**Available records**
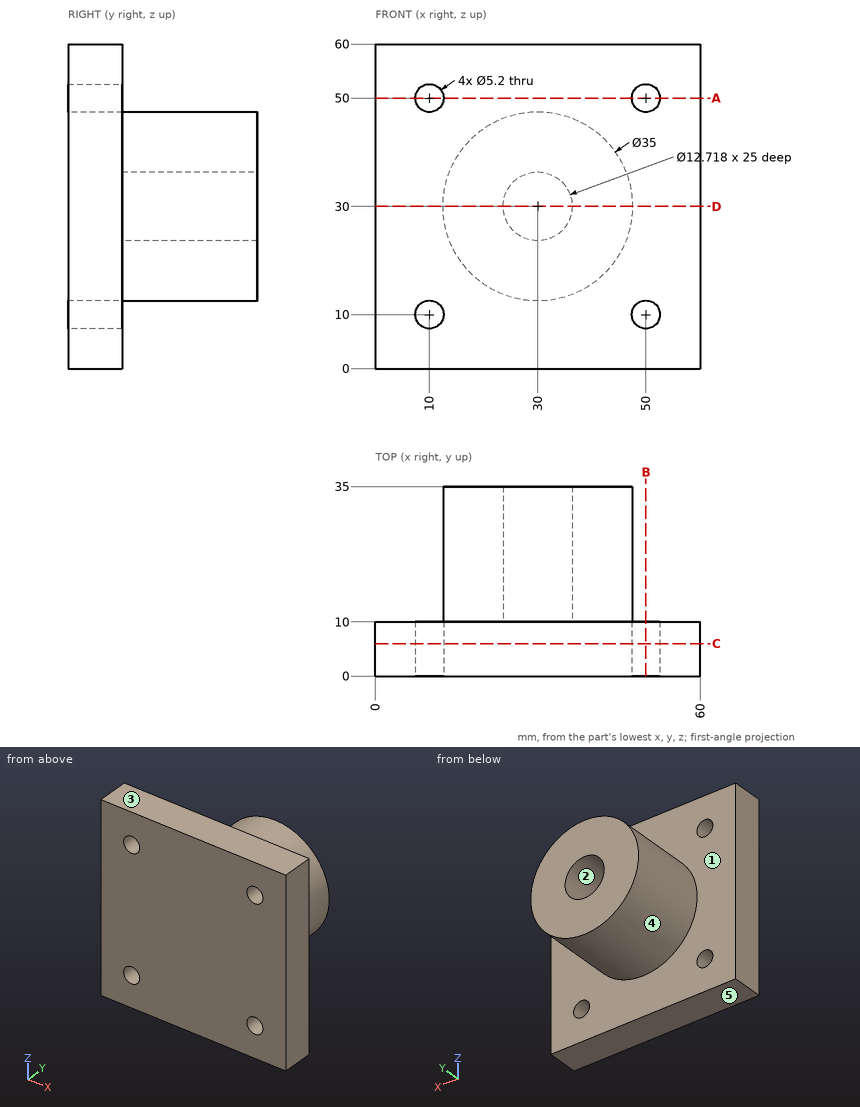
For this review, use the dimensioned drawing (mm, ordinates from the lowest corner) and the shaded views. A direction names the side the tool comes from. Give positions to 0.01 mm unless a question says otherwise; leave off trailing zeros. Loops run counter-clockwise (first coordinate to the right, second up) from the corner with the lowest first, then second, coordinate; pieces in that order, holes last. Notation, with made-up numbers: (-28.5, -39.75) -> (-5.5, -39.75) arc R30 ccw to (-5.5, -10.75) -> close; hole circle Ø7 at (65, 2.5). An arc over 180 degrees is marked (long way). One line per question, with ' | ' between items. Start each with the question number.
(1) We need section A-A (z = 50). State the section outline as (x, y) points.
(2) Draft analysis for pull direction Z (two halves, no side actions). For the marked faces 1, 2 and 3, state which applies: +Z half, -Z half, draft (parallel to the pull), parting line (faces both ways), or undercut.
(3) Insertion check: P1, Ø2, axis at x = 44, y = 25.5, coming from the +Z side (1 decimal); P2, Ø1, axis at x = 14, y = 23, coming from the +Z side (1 decimal); P3, Ø6, axis at x = 50, z = 10, coming from the +Y side. Each pin has a flat end and moves straight along its axis. Give the tip position at first contact, or say it passes through.
(4) We need section D-D (z = 30). State the section outline as (x, y) points, and give its area (3 significant figures).
(5) For line 1 (X direction, y = 4.5, z = 50); line 2 (Y direction, x = 7, z = 8); line 3 (X direction, y = 15, z = 39), list the stretches that pass through material, from the lowest coordinate up.
(6) For the marked faces 4 and 5, list the 3-axis set-ups (+Z, -Z, +X, -X, +Y, -Y) from which the entire face can be reached by the end or side of a thin tool; tool diameter is ignored.
(7) We need section B-B (x = 50). State the section outline as (y, z) points.
(8) We need section C-C (y = 6). State the section outline as (x, z) points, and give its area (4 significant figures).
The answers:
1) outline: (0, 0) -> (7.4, 0) -> (7.4, 10) -> (0, 10) -> close; (12.6, 0) -> (47.4, 0) -> (47.4, 10) -> (12.6, 10) -> close; (52.6, 0) -> (60, 0) -> (60, 10) -> (52.6, 10) -> close
2) face 1: draft | face 2: undercut | face 3: +Z half
3) P1: stops at z = 41.7 | P2: stops at z = 38.1 | P3: stops at y = 10
4) outline: (0, 0) -> (60, 0) -> (60, 10) -> (47.5, 10) -> (47.5, 35) -> (36.36, 35) -> (36.36, 10) -> (23.64, 10) -> (23.64, 35) -> (12.5, 35) -> (12.5, 10) -> (0, 10) -> close | area: 1,160 mm^2
5) line 1: x = 0 to 7.4, 12.6 to 47.4, 52.6 to 60 | line 2: y = 0 to 10 | line 3: x = 14.99 to 45.01
6) face 4: +Y | face 5: -Z, +X, -X, +Y, -Y
7) outline: (0, 0) -> (10, 0) -> (10, 7.4) -> (0, 7.4) -> close; (0, 12.6) -> (10, 12.6) -> (10, 47.4) -> (0, 47.4) -> close; (0, 52.6) -> (10, 52.6) -> (10, 60) -> (0, 60) -> close
8) outline: (0, 0) -> (60, 0) -> (60, 60) -> (0, 60) -> close; hole circle Ø5.2 at (10, 10); hole circle Ø5.2 at (10, 50); hole circle Ø5.2 at (50, 10); hole circle Ø5.2 at (50, 50) | area: 3,515 mm^2

**What is required**
Give the listing again word for word, but drop every picture.

**Solved problem**
For this review, use the dimensioned drawing (mm, ordinates from the lowest corner) and the shaded views. A direction names the side the tool comes from. Give positions to 0.01 mm unless a question says otherwise; leave off trailing zeros. Loops run counter-clockwise (first coordinate to the right, second up) from the corner with the lowest first, then second, coordinate; pieces in that order, holes last. Notation, with made-up numbers: (-28.5, -39.75) -> (-5.5, -39.75) arc R30 ccw to (-5.5, -10.75) -> close; hole circle Ø7 at (65, 2.5). An arc over 180 degrees is marked (long way). One line per question, with ' | ' between items. Start each with the question number.
(1) We need section A-A (z = 50). State the section outline as (x, y) points.
(2) Draft analysis for pull direction Z (two halves, no side actions). For the marked faces 1, 2 and 3, state which applies: +Z half, -Z half, draft (parallel to the pull), parting line (faces both ways), or undercut.
(3) Insertion check: P1, Ø2, axis at x = 44, y = 25.5, coming from the +Z side (1 decimal); P2, Ø1, axis at x = 14, y = 23, coming from the +Z side (1 decimal); P3, Ø6, axis at x = 50, z = 10, coming from the +Y side. Each pin has a flat end and moves straight along its axis. Give the tip position at first contact, or say it passes through.
(4) We need section D-D (z = 30). State the section outline as (x, y) points, and give its area (3 significant figures).
(5) For line 1 (X direction, y = 4.5, z = 50); line 2 (Y direction, x = 7, z = 8); line 3 (X direction, y = 15, z = 39), list the stretches that pass through material, from the lowest coordinate up.
(6) For the marked faces 4 and 5, list the 3-axis set-ups (+Z, -Z, +X, -X, +Y, -Y) from which the entire face can be reached by the end or side of a thin tool; tool diameter is ignored.
(7) We need section B-B (x = 50). State the section outline as (y, z) points.
(8) We need section C-C (y = 6). State the section outline as (x, z) points, and give its area (4 significant figures).
The answers:
1) outline: (0, 0) -> (7.4, 0) -> (7.4, 10) -> (0, 10) -> close; (12.6, 0) -> (47.4, 0) -> (47.4, 10) -> (12.6, 10) -> close; (52.6, 0) -> (60, 0) -> (60, 10) -> (52.6, 10) -> close
2) face 1: draft | face 2: undercut | face 3: +Z half
3) P1: stops at z = 41.7 | P2: stops at z = 38.1 | P3: stops at y = 10
4) outline: (0, 0) -> (60, 0) -> (60, 10) -> (47.5, 10) -> (47.5, 35) -> (36.36, 35) -> (36.36, 10) -> (23.64, 10) -> (23.64, 35) -> (12.5, 35) -> (12.5, 10) -> (0, 10) -> close | area: 1,160 mm^2
5) line 1: x = 0 to 7.4, 12.6 to 47.4, 52.6 to 60 | line 2: y = 0 to 10 | line 3: x = 14.99 to 45.01
6) face 4: +Y | face 5: -Z, +X, -X, +Y, -Y
7) outline: (0, 0) -> (10, 0) -> (10, 7.4) -> (0, 7.4) -> close; (0, 12.6) -> (10, 12.6) -> (10, 47.4) -> (0, 47.4) -> close; (0, 52.6) -> (10, 52.6) -> (10, 60) -> (0, 60) -> close
8) outline: (0, 0) -> (60, 0) -> (60, 60) -> (0, 60) -> close; hole circle Ø5.2 at (10, 10); hole circle Ø5.2 at (10, 50); hole circle Ø5.2 at (50, 10); hole circle Ø5.2 at (50, 50) | area: 3,515 mm^2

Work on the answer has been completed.